MATERIAL FOR THE TASK

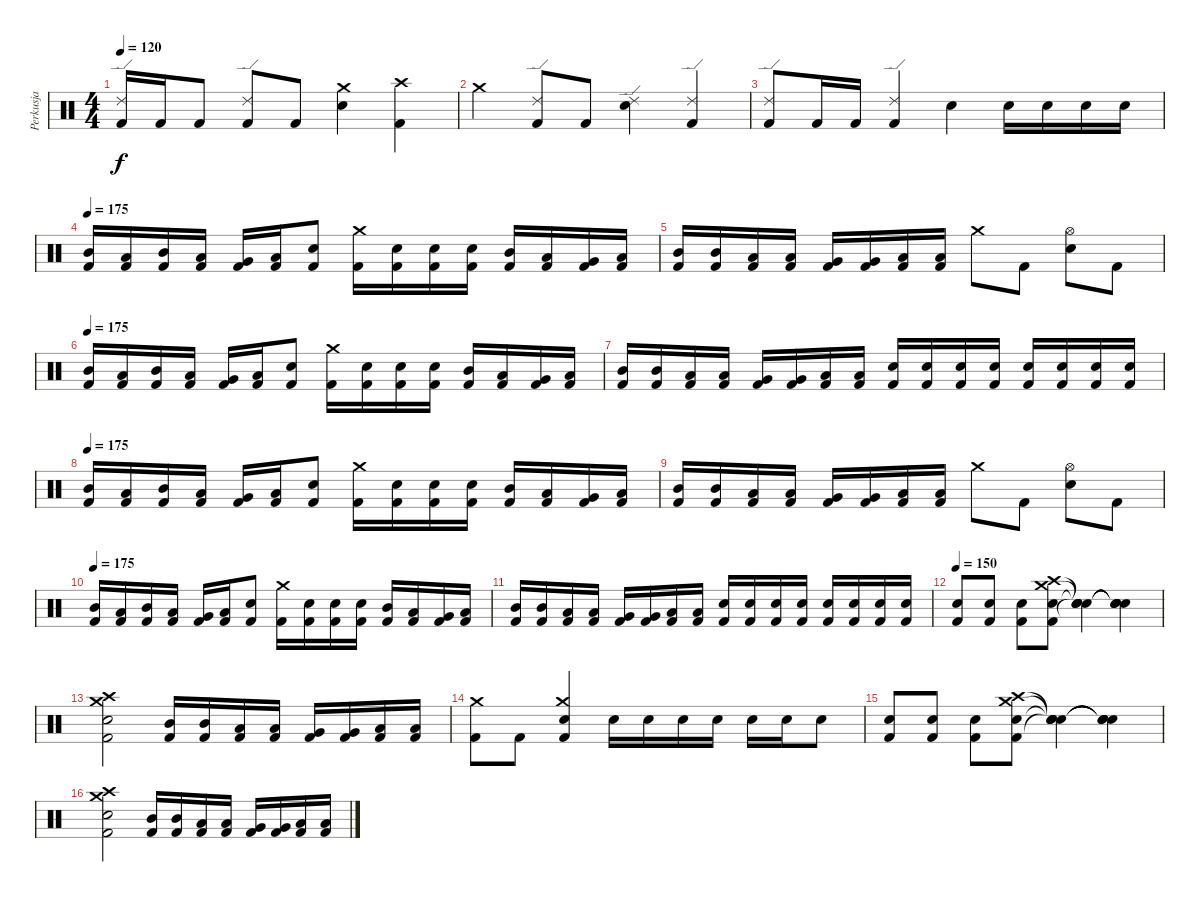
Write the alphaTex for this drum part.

\track ("Perkusja" "Perkusja") {instrument percussion}
\staff {score}
\articulation defaults
\ts (4 4)
\tempo 120
\clef neutral
\ks c
("Ride (edge) 2" "Kick (hit) 2").16{dy f} "Kick (hit) 2".16 "Kick (hit) 2".8 ("Ride (edge) 2" "Kick (hit) 2").8 "Kick (hit) 2".8 ("Crash medium (hit)" "Electric Snare (hit)").4 ("Crash high (hit)" "Kick (hit) 2").4 |
"Crash medium (hit)".4 ("Ride (edge) 2" "Kick (hit) 2").8 "Kick (hit) 2".8 ("Ride (edge) 2" "Electric Snare (hit)").4 ("Ride (edge) 2" "Kick (hit) 2").4 |
("Ride (edge) 2" "Kick (hit) 2").8 "Kick (hit) 2".16 "Kick (hit) 2".16 ("Ride (edge) 2" "Kick (hit) 2").4 "Electric Snare (hit)".4 "Electric Snare (hit)".16 "Electric Snare (hit)".16 "Electric Snare (hit)".16 "Electric Snare (hit)".16 |
\tempo 175
("Kick (hit) 2" "Mid Tom (hit)").16{volume 13} ("Kick (hit) 2" "Low Tom (hit)").16 ("Kick (hit) 2" "Mid Tom (hit)").16 ("Kick (hit) 2" "Low Tom (hit)").16 ("Kick (hit) 2" "Very Low Tom (hit)").16 ("Kick (hit) 2" "Low Tom (hit)").16 ("Electric Snare (hit)" "Kick (hit) 2").8 ("Crash medium (hit)" "Kick (hit) 2").16 ("Electric Snare (hit)" "Kick (hit) 2").16 ("Electric Snare (hit)" "Kick (hit) 2").16 ("Electric Snare (hit)" "Kick (hit) 2").16 ("Mid Tom (hit)" "Kick (hit) 2").16 ("Low Tom (hit)" "Kick (hit) 2").16 ("Very Low Tom (hit)" "Kick (hit) 2").16 ("Low Floor Tom (hit)" "Kick (hit) 2").16 |
("Mid Tom (hit)" "Kick (hit) 2").16 ("Mid Tom (hit)" "Kick (hit) 2").16 ("Low Tom (hit)" "Kick (hit) 2").16 ("Low Tom (hit)" "Kick (hit) 2").16 ("Very Low Tom (hit)" "Kick (hit) 2").16 ("Very Low Tom (hit)" "Kick (hit) 2").16 ("Low Floor Tom (hit)" "Kick (hit) 2").16 ("Low Floor Tom (hit)" "Kick (hit) 2").16 "Crash medium (hit)".8 "Kick (hit) 2".8 ("Hi-Hat (open)" "Electric Snare (hit)").8 "Kick (hit) 2".8 |
\tempo 175
("Kick (hit) 2" "Mid Tom (hit)").16{volume 13} ("Kick (hit) 2" "Low Tom (hit)").16 ("Kick (hit) 2" "Mid Tom (hit)").16 ("Kick (hit) 2" "Low Tom (hit)").16 ("Kick (hit) 2" "Very Low Tom (hit)").16 ("Kick (hit) 2" "Low Tom (hit)").16 ("Electric Snare (hit)" "Kick (hit) 2").8 ("Crash medium (hit)" "Kick (hit) 2").16 ("Electric Snare (hit)" "Kick (hit) 2").16 ("Electric Snare (hit)" "Kick (hit) 2").16 ("Electric Snare (hit)" "Kick (hit) 2").16 ("Mid Tom (hit)" "Kick (hit) 2").16 ("Low Tom (hit)" "Kick (hit) 2").16 ("Very Low Tom (hit)" "Kick (hit) 2").16 ("Low Floor Tom (hit)" "Kick (hit) 2").16 |
("Mid Tom (hit)" "Kick (hit) 2").16 ("Mid Tom (hit)" "Kick (hit) 2").16 ("Low Tom (hit)" "Kick (hit) 2").16 ("Low Tom (hit)" "Kick (hit) 2").16 ("Very Low Tom (hit)" "Kick (hit) 2").16 ("Very Low Tom (hit)" "Kick (hit) 2").16 ("Low Floor Tom (hit)" "Kick (hit) 2").16 ("Low Floor Tom (hit)" "Kick (hit) 2").16 ("Kick (hit) 2" "Electric Snare (hit)").16 ("Kick (hit) 2" "Electric Snare (hit)").16 ("Kick (hit) 2" "Electric Snare (hit)").16 ("Kick (hit) 2" "Electric Snare (hit)").16 ("Kick (hit) 2" "Snare (hit) 2").16 ("Kick (hit) 2" "Snare (hit) 2").16 ("Kick (hit) 2" "Snare (hit) 2").16 ("Kick (hit) 2" "Snare (hit) 2").16 |
\tempo 175
("Kick (hit) 2" "Mid Tom (hit)").16{volume 13} ("Kick (hit) 2" "Low Tom (hit)").16 ("Kick (hit) 2" "Mid Tom (hit)").16 ("Kick (hit) 2" "Low Tom (hit)").16 ("Kick (hit) 2" "Very Low Tom (hit)").16 ("Kick (hit) 2" "Low Tom (hit)").16 ("Electric Snare (hit)" "Kick (hit) 2").8 ("Crash medium (hit)" "Kick (hit) 2").16 ("Electric Snare (hit)" "Kick (hit) 2").16 ("Electric Snare (hit)" "Kick (hit) 2").16 ("Electric Snare (hit)" "Kick (hit) 2").16 ("Mid Tom (hit)" "Kick (hit) 2").16 ("Low Tom (hit)" "Kick (hit) 2").16 ("Very Low Tom (hit)" "Kick (hit) 2").16 ("Low Floor Tom (hit)" "Kick (hit) 2").16 |
("Mid Tom (hit)" "Kick (hit) 2").16 ("Mid Tom (hit)" "Kick (hit) 2").16 ("Low Tom (hit)" "Kick (hit) 2").16 ("Low Tom (hit)" "Kick (hit) 2").16 ("Very Low Tom (hit)" "Kick (hit) 2").16 ("Very Low Tom (hit)" "Kick (hit) 2").16 ("Low Floor Tom (hit)" "Kick (hit) 2").16 ("Low Floor Tom (hit)" "Kick (hit) 2").16 "Crash medium (hit)".8 "Kick (hit) 2".8 ("Hi-Hat (open)" "Electric Snare (hit)").8 "Kick (hit) 2".8 |
\tempo 175
("Kick (hit) 2" "Mid Tom (hit)").16{volume 13} ("Kick (hit) 2" "Low Tom (hit)").16 ("Kick (hit) 2" "Mid Tom (hit)").16 ("Kick (hit) 2" "Low Tom (hit)").16 ("Kick (hit) 2" "Very Low Tom (hit)").16 ("Kick (hit) 2" "Low Tom (hit)").16 ("Electric Snare (hit)" "Kick (hit) 2").8 ("Crash medium (hit)" "Kick (hit) 2").16 ("Electric Snare (hit)" "Kick (hit) 2").16 ("Electric Snare (hit)" "Kick (hit) 2").16 ("Electric Snare (hit)" "Kick (hit) 2").16 ("Mid Tom (hit)" "Kick (hit) 2").16 ("Low Tom (hit)" "Kick (hit) 2").16 ("Very Low Tom (hit)" "Kick (hit) 2").16 ("Low Floor Tom (hit)" "Kick (hit) 2").16 |
("Mid Tom (hit)" "Kick (hit) 2").16 ("Mid Tom (hit)" "Kick (hit) 2").16 ("Low Tom (hit)" "Kick (hit) 2").16 ("Low Tom (hit)" "Kick (hit) 2").16 ("Very Low Tom (hit)" "Kick (hit) 2").16 ("Very Low Tom (hit)" "Kick (hit) 2").16 ("Low Floor Tom (hit)" "Kick (hit) 2").16 ("Low Floor Tom (hit)" "Kick (hit) 2").16 ("Kick (hit) 2" "Electric Snare (hit)").16 ("Kick (hit) 2" "Electric Snare (hit)").16 ("Kick (hit) 2" "Electric Snare (hit)").16 ("Kick (hit) 2" "Electric Snare (hit)").16 ("Kick (hit) 2" "Snare (hit) 2").16 ("Kick (hit) 2" "Snare (hit) 2").16 ("Kick (hit) 2" "Snare (hit) 2").16 ("Kick (hit) 2" "Snare (hit) 2").16 |
\tempo 150
("Snare (hit) 2" "Kick (hit) 2").8 ("Snare (hit) 2" "Kick (hit) 2").8 ("Snare (hit) 2" "Kick (hit) 2").8 ("Crash high (hit)" "Kick (hit) 2" "Crash medium (hit)" "Electric Snare (hit)").8 ("Snare (hit)"{t} "Snare (hit)"{t} "Snare (hit)"{t} "Snare (hit)"{t}).4 ("Snare (hit)"{t} "Snare (hit)"{t} "Snare (hit)"{t} "Snare (hit)"{t}).4 |
("Crash medium (hit)" "Crash high (hit)" "Electric Snare (hit)" "Kick (hit) 2").2 ("Mid Tom (hit)" "Kick (hit) 2").16 ("Mid Tom (hit)" "Kick (hit) 2").16 ("Low Tom (hit)" "Kick (hit) 2").16 ("Low Tom (hit)" "Kick (hit) 2").16 ("Very Low Tom (hit)" "Kick (hit) 2").16 ("Very Low Tom (hit)" "Kick (hit) 2").16 ("Low Floor Tom (hit)" "Kick (hit) 2").16 ("Low Floor Tom (hit)" "Kick (hit) 2").16 |
("Crash medium (hit)" "Kick (hit) 2").8 "Kick (hit) 2".8 ("Crash medium (hit)" "Electric Snare (hit)" "Kick (hit) 2").4 "Electric Snare (hit)".16 "Electric Snare (hit)".16 "Electric Snare (hit)".16 "Electric Snare (hit)".16 "Snare (hit) 2".16 "Snare (hit) 2".16 "Snare (hit) 2".8 |
("Snare (hit) 2" "Kick (hit) 2").8 ("Snare (hit) 2" "Kick (hit) 2").8 ("Snare (hit) 2" "Kick (hit) 2").8 ("Crash high (hit)" "Kick (hit) 2" "Crash medium (hit)" "Electric Snare (hit)").8 ("Snare (hit)"{t} "Snare (hit)"{t} "Snare (hit)"{t} "Snare (hit)"{t}).4 ("Snare (hit)"{t} "Snare (hit)"{t} "Snare (hit)"{t} "Snare (hit)"{t}).4 |
("Crash medium (hit)" "Crash high (hit)" "Electric Snare (hit)" "Kick (hit) 2").2 ("Mid Tom (hit)" "Kick (hit) 2").16 ("Mid Tom (hit)" "Kick (hit) 2").16 ("Low Tom (hit)" "Kick (hit) 2").16 ("Low Tom (hit)" "Kick (hit) 2").16 ("Very Low Tom (hit)" "Kick (hit) 2").16 ("Very Low Tom (hit)" "Kick (hit) 2").16 ("Low Floor Tom (hit)" "Kick (hit) 2").16 ("Low Floor Tom (hit)" "Kick (hit) 2").16

WHAT THE TASK ASKS
Reply with one number only: the count of lines in the entries that contain "Ride".

RESPONSE TO THIS EXERCISE
3